X2. I spent many years in football locker rooms, and that is the last place for a woman to be. Im with you in that I don't believe any media should be allowed in a locker room while players are in there. The locker room is a sacred place for a football team, and you have to earn the right to be in there. If you want to interview a player, give them professional courtesy and allow them to shower, change, and leave the locker room.


----------



## Reel_Blessed II (Jun 24, 2004)

Triad_Marine said:


> (Girl view here)
> 
> You don't dress like you are going to a bar when you are working in a professional business...you don't see male sports casters dressed in shorts, tees and flip flops in the locker room...NOPE she needs to re-think her dress code as does her boss in my opinion she should be the one in trouble and I also think no one should be in the locker rooms except players, coaches and med staff....The guys should come out of the locker room as they wish and speak with the media ....Everyone deserves a shower and a chance to not be sweaty ....





ZenDaddy said:


> New York Jets organization granted her press authority. Thus, she was a professional broadcast journalist, and allowed in the dressing room.
> 
> Oh yeah, where I'm from a gentleman always treats a woman like a lady, regardless of where he is and what she is wearing.


x2


----------



## speckle-catcher (May 20, 2004)

ZenDaddy said:


> New York Jets organization granted her press authority. *Thus, she was a professional broadcast journalist*, and allowed in the dressing room.
> 
> Oh yeah, where I'm from a gentleman always treats a woman like a lady, regardless of where he is and what she is wearing.


maybe, just maybe, she should dress like a professional broadcast journalist.


----------



## 24Buds (Dec 5, 2008)

txgoddess said:


> SHE didn't complain... another reporter did.


Yes and thank you. I get it, but not everyone!



ZenDaddy said:


> New York Jets organization granted her press authority. Thus, she was a professional broadcast journalist, and allowed in the dressing room.
> 
> *Oh yeah, where I'm from a gentleman always treats a woman like a lady, regardless of where he is and what she is wearing*.


Yes indeed.

But she is a looker! :cheers::cheers::cheers::cheers::cheers:


----------



## birdband01 (May 25, 2006)

She Tweeted she was "dying of embarrassment and couldn't look anywhere." If you're Tweeting, you're looking for attention of others. You're in a freakin' locker room. She expect robes and individual changing stalls???

Anyhow, she WAS complaining and the AWSM winded it and took it further. Oh well. She is a hottie though.


----------



## LBS (Sep 2, 2004)

This thread on the subject is a tad bit more entertaining.....

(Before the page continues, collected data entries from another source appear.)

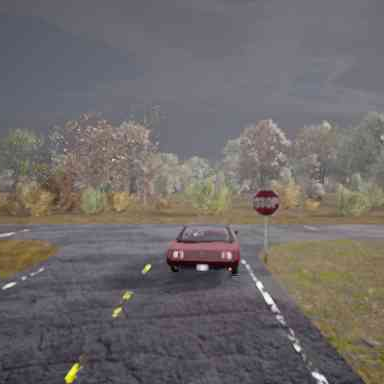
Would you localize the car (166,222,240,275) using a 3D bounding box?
[{"bbox_3d":[0.526,1.593,10.483,1.895,1.301,4.718,0,0,7],"label":"car"}]
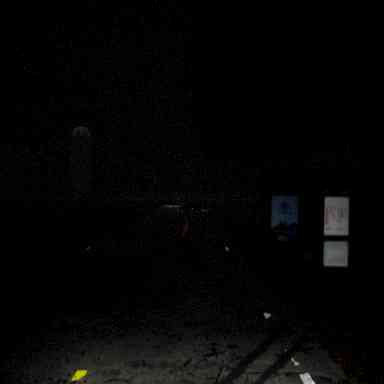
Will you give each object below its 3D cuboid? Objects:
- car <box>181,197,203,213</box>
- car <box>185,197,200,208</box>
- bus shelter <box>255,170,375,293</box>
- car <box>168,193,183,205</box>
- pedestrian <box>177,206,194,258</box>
[{"bbox_3d":[0.095,1.488,36.137,1.837,1.490,4.892,0,-1,1],"label":"car"},{"bbox_3d":[0.088,1.491,47.866,2.128,1.511,4.902,0,0,0],"label":"car"},{"bbox_3d":[3.144,0.868,9.436,1.920,2.740,3.880,1,1,0],"label":"bus shelter"},{"bbox_3d":[-2.815,1.240,57.789,2.150,2.045,5.566,0,-1,0],"label":"car"},{"bbox_3d":[-0.231,1.288,11.023,0.375,1.860,0.375,-1,1,-5],"label":"pedestrian"}]

http://2coolfishing.com/ttmbforum/showthread.php?t=300739


----------



## birdband01 (May 25, 2006)

Switching gears... caption this! LMAO


----------



## JJGold1 (May 6, 2010)

The NFL has clearly stated that when reporters or any other 3rd party is invited into the locker room it becomes a place of business and the players/coaching staff is to act in a professional manner. Clearly they did not act as such.


----------



## jimk (May 28, 2004)

Tombstone said:


> X2. I spent many years in football locker rooms, and that is the last place for a woman to be. Im with you in that I don't believe any media should be allowed in a locker room while players are in there. The locker room is a sacred place for a football team, and you have to earn the right to be in there. If you want to interview a player, give them professional courtesy and allow them to shower, change, and leave the locker room.


What Tombstone said!


----------



## speckle-catcher (May 20, 2004)

birdband01 said:


> Switching gears... caption this! LMAO


I'd love to - but I don't want an infraction.


----------



## fishin styx (Jun 30, 2009)

JJGold said:


> The NFL has clearly stated that when reporters or any other 3rd party is invited into the locker room it becomes a place of business and the players/coaching staff is to act in a professional manner. Clearly they did not act as such.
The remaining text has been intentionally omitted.